There's a perception that in today's NBA of seemingly endless possessions, a 20-point lead is nothing. It can, in theory, be all but erased in six possessions. It seems like that happens quite a lot. I was surprised to learn, via ESPN's Tom Bontemps, that teams that had built at least a 20-point lead in a given game had gone 49-0 in those contests to start the season.
That changed Tuesday night, when the Portland Trail Blazers became the first team to blow a 20-point advantage this season in falling 111-108 to the visiting Chicago Bulls, who were playing without a starter (Lauri Markannen) and two rotation players (Tomas Satoransky and Chandler Hutchison).
The Bulls, though there are some things to like, are not a very good team at full strength. Down three players and 20 points, they shouldn't be able to rally against a Blazers team that many, including myself, tagged as a fringe contender this season. But they did. It says a lot about the Bulls, who, again, have some pretty interesting pieces, including Zach LaVine, who is an electric scorer perhaps starting to turn the playmaking corner.
But this game says even more about the Blazers, who are trending in a troubling direction. Yes, it's early. The Blazers are 3-4, same as Dallas and Denver, both of which everyone expects to be in the thick of the West's playoff scene. But this season is going to get late early, as the late Yogi Berra might've said, with just 72 games on the schedule. The fight for a playoff spot, even with the new play-in series, is going to be a bloodbath in the West. These early losses can, and likely will, matter a great deal.
Outside of CJ McCollum, who is off to a bananas start (I'll be writing more about this soon), pretty much nothing is going well for Portland. Robert Covington is shooting under 30 percent from 3. Rodney Hood is hurt again. Jusuf Nurkic came into the Bulls game averaging nine points. Even Damian Lillard, by his standards, is off to a pretty rough start at a 42 percent shooting clip entering Wednesday, which would register as his worst mark since 2015-16.
All that said, the Blazers were the league's No. 8 offense at 114.3 points per 100 possessions, per Cleaning the Glass. Lillard is going to get going. Nurkic will get better. Gary Trent Jr. is picking up where he left off in the bubble, and he and Covington are going to space the floor and make shots. McCollum is an assassin. Long term, don't worry about Portland's offense.
Worry about its defense.
The Blazers currently have the second-worst defense in the league. You might call that surprising given the point they made in addressing their defense in the offseason, signing Covington and Derrick Jones Jr. to give themselves at least a fighting chance on the wing after the departures of Al-Farouq Aminu and Moe Harkless prior to last season.

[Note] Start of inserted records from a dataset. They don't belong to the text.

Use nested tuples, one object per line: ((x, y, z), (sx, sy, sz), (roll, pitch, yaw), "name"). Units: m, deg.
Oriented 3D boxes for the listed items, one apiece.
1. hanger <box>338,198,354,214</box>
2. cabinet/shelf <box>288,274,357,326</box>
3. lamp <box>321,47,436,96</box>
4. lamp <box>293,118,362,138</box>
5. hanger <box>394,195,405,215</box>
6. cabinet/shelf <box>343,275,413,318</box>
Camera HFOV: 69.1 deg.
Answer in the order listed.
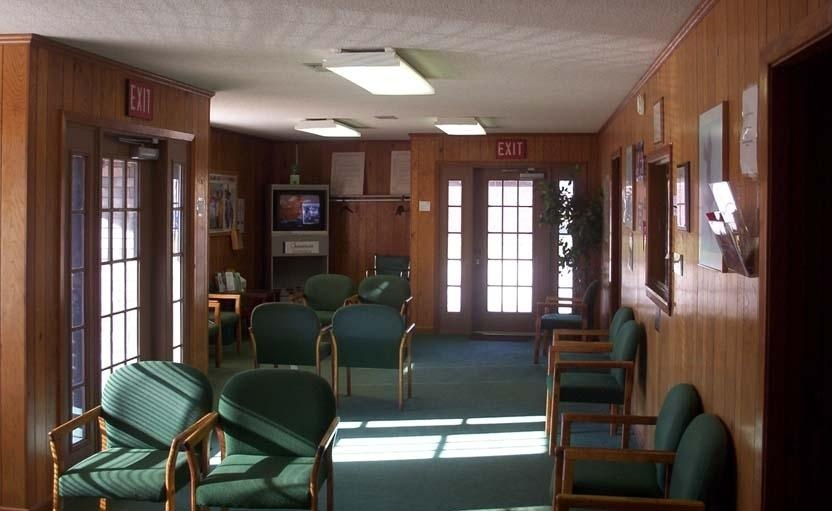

Jones has taken the toughest assignments and, at times, acquitted himself pretty well. I still like Portland's ability to at least credibly match up defensively in the playoffs. They have switchable parts, but any team that is starting McCollum and Lillard is going to be vulnerable at the point of attack. In theory, Covington, Jones, Trent and Hood, when he gets back, can scramble behind Lillard and McCollum to cut off penetration and recover to shooters, but Nurkic has to be a big-time rim-protecting presence.
Entering Tuesday, teams were shooting 67 percent inside the restricted area vs. the Blazers, which ranks 25th league-wide. Nurkic, as the primary defender on such shots, was giving up buckets at a 58 percent clip, which isn't awful but isn't even close to elite. He's shown he can defend at the rim at a 53 percent clip as recently as 2018-19, and he has to get back to at least that given that McCollum and Lillard are going to be compromised a lot on penetration.
The bench unit is an even bigger problem. Right now Terry Stotts is playing Enes Kanter and Carmelo Anthony, two legitimately atrocious defenders, a lot of minutes together. Usually McCollum, another subpar defender, is with them as the lead scorer on the second unit. Whoever rounds out those lineups, two above-average defenders aren't going to offset those first three. It's a problem; even if the plus-minus numbers actually haven't been as bad as the starting-lineup numbers, the small sample size is almost certainly to credit for that short-term cover.
Whereas in some seasons coaches might be able to take their time figuring out rotations, again, this season is different. The Blazers could very well end up within a game or two of making the playoffs and falling into the lottery; the West is that deep. Stotts has to figure this out now. Nurkic has to start playing not just better, but a lot better, right now. Lillard has to find a real groove immediately. Stotts might have to make a hard call on whether he can play Carmelo and Kanter as much, let alone in the same lineups. This is not a perfect Blazers team by any stretch. They don't have a huge margin for error. And whatever margin they do have, they're already starting to use up fewer than 10 games into the season.